### Given data:
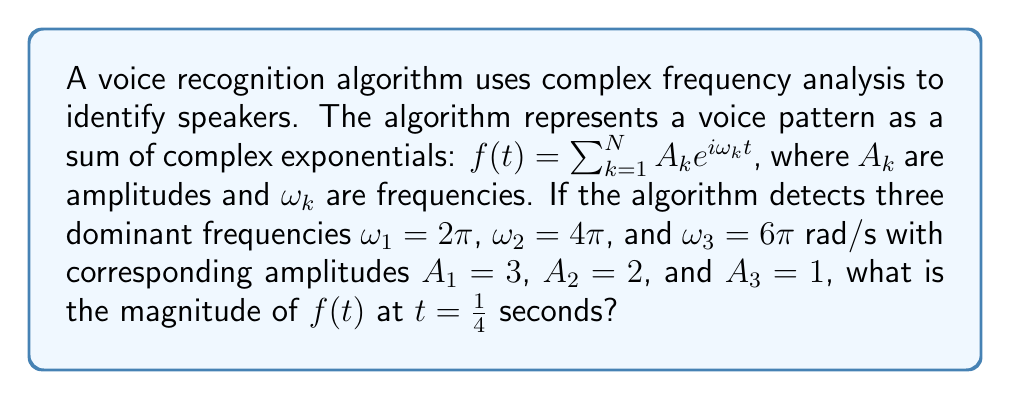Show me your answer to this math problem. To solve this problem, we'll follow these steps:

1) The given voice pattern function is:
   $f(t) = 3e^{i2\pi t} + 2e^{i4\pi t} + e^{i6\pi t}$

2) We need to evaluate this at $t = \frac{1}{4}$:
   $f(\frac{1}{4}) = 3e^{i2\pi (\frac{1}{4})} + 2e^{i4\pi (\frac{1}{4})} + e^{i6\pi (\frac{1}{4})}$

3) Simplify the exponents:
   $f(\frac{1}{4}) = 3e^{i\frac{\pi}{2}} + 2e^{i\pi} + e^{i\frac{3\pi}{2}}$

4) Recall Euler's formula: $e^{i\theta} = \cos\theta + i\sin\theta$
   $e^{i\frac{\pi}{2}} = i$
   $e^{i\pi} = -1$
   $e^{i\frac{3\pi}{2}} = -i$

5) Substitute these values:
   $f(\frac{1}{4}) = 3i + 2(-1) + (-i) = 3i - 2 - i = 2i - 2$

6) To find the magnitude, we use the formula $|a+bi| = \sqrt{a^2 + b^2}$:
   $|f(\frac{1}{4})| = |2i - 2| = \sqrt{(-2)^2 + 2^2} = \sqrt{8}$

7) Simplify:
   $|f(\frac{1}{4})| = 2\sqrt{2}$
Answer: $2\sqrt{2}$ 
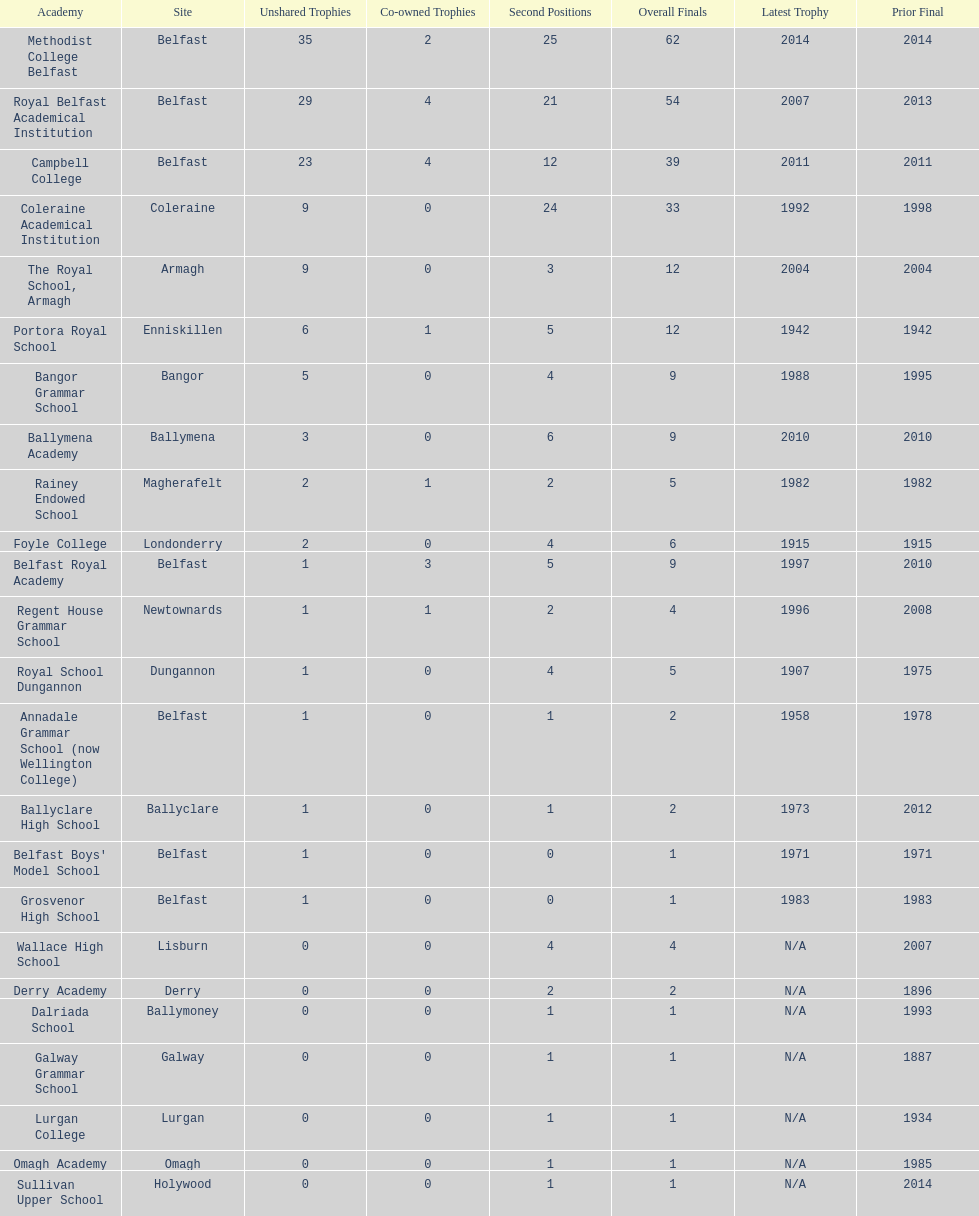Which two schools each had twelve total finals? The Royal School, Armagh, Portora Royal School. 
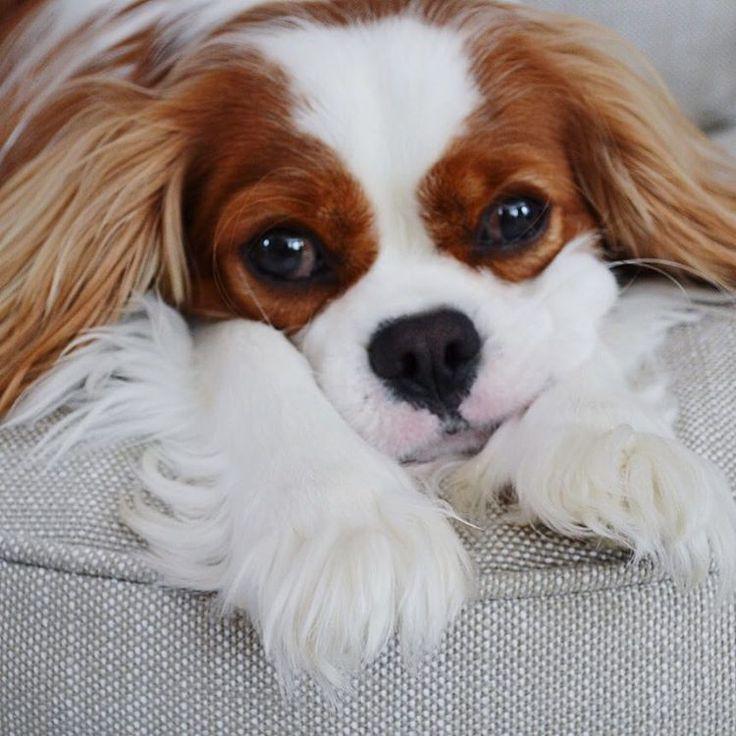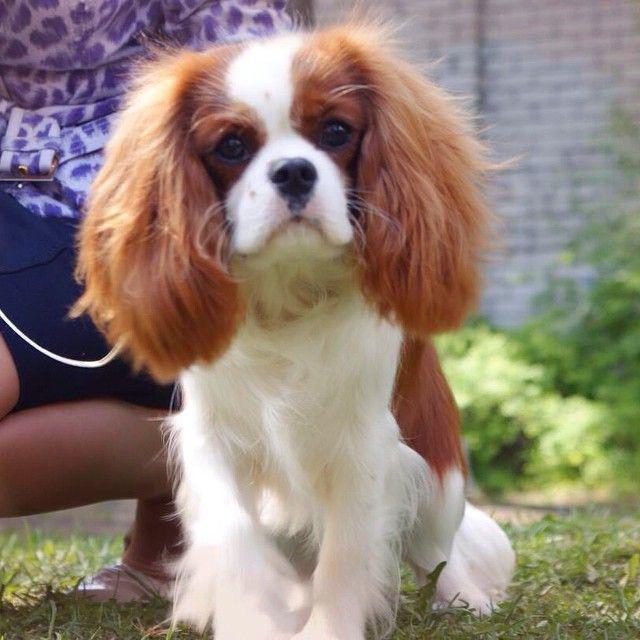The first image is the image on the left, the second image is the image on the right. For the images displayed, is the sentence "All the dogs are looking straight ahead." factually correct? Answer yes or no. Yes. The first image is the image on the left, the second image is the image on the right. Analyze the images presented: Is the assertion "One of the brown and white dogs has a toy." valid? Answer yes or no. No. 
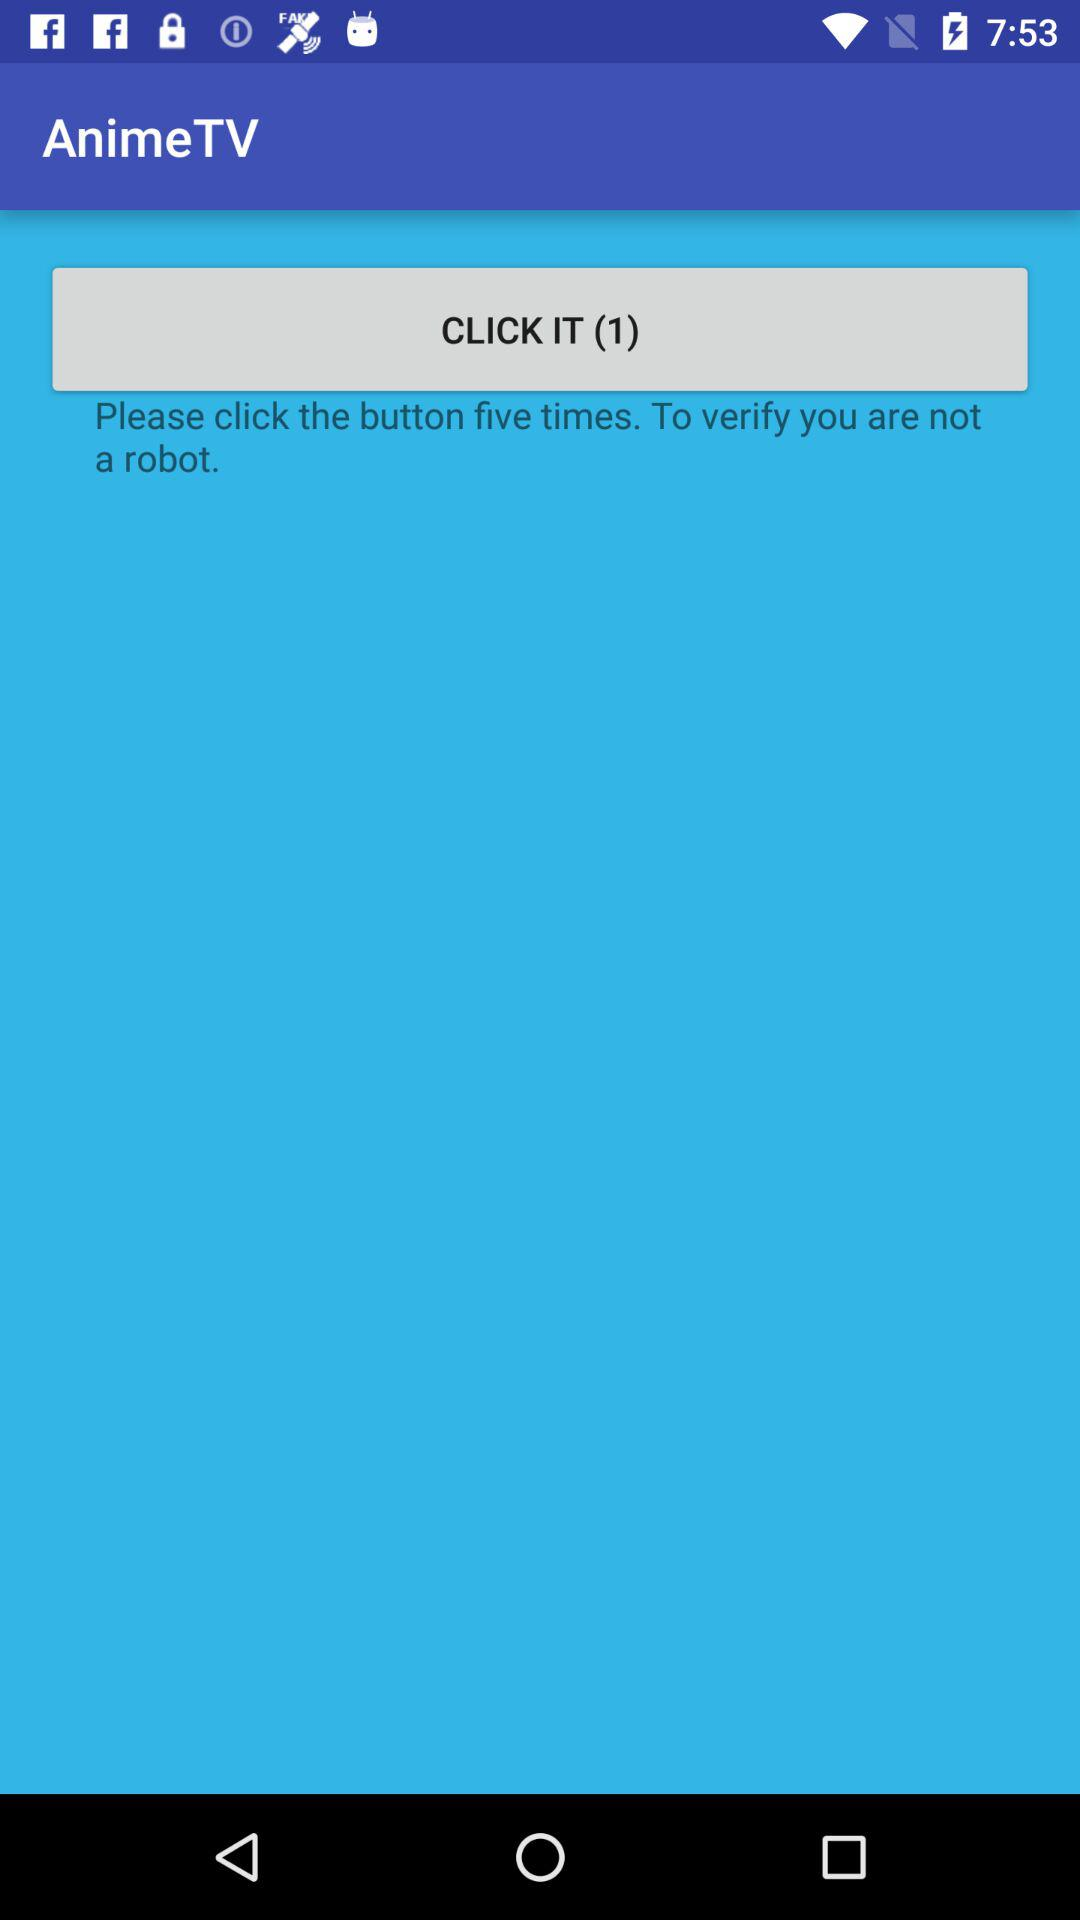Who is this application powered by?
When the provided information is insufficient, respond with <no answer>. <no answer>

### To do:
When a line carries an image, skip the image and repeat everything else above exactly as written.

### Task output:
Show me your answer to this math problem. To solve this problem, we'll follow these steps:

1) The given voice pattern function is:
   $f(t) = 3e^{i2\pi t} + 2e^{i4\pi t} + e^{i6\pi t}$

2) We need to evaluate this at $t = \frac{1}{4}$:
   $f(\frac{1}{4}) = 3e^{i2\pi (\frac{1}{4})} + 2e^{i4\pi (\frac{1}{4})} + e^{i6\pi (\frac{1}{4})}$

3) Simplify the exponents:
   $f(\frac{1}{4}) = 3e^{i\frac{\pi}{2}} + 2e^{i\pi} + e^{i\frac{3\pi}{2}}$

4) Recall Euler's formula: $e^{i\theta} = \cos\theta + i\sin\theta$
   $e^{i\frac{\pi}{2}} = i$
   $e^{i\pi} = -1$
   $e^{i\frac{3\pi}{2}} = -i$

5) Substitute these values:
   $f(\frac{1}{4}) = 3i + 2(-1) + (-i) = 3i - 2 - i = 2i - 2$

6) To find the magnitude, we use the formula $|a+bi| = \sqrt{a^2 + b^2}$:
   $|f(\frac{1}{4})| = |2i - 2| = \sqrt{(-2)^2 + 2^2} = \sqrt{8}$

7) Simplify:
   $|f(\frac{1}{4})| = 2\sqrt{2}$
Answer: $2\sqrt{2}$ 
Which two schools each had twelve total finals? The Royal School, Armagh, Portora Royal School. 
The first image is the image on the left, the second image is the image on the right. For the images displayed, is the sentence "All the dogs are looking straight ahead." factually correct? Answer yes or no. Yes. The first image is the image on the left, the second image is the image on the right. Analyze the images presented: Is the assertion "One of the brown and white dogs has a toy." valid? Answer yes or no. No. 
Who is this application powered by?
When the provided information is insufficient, respond with <no answer>. <no answer>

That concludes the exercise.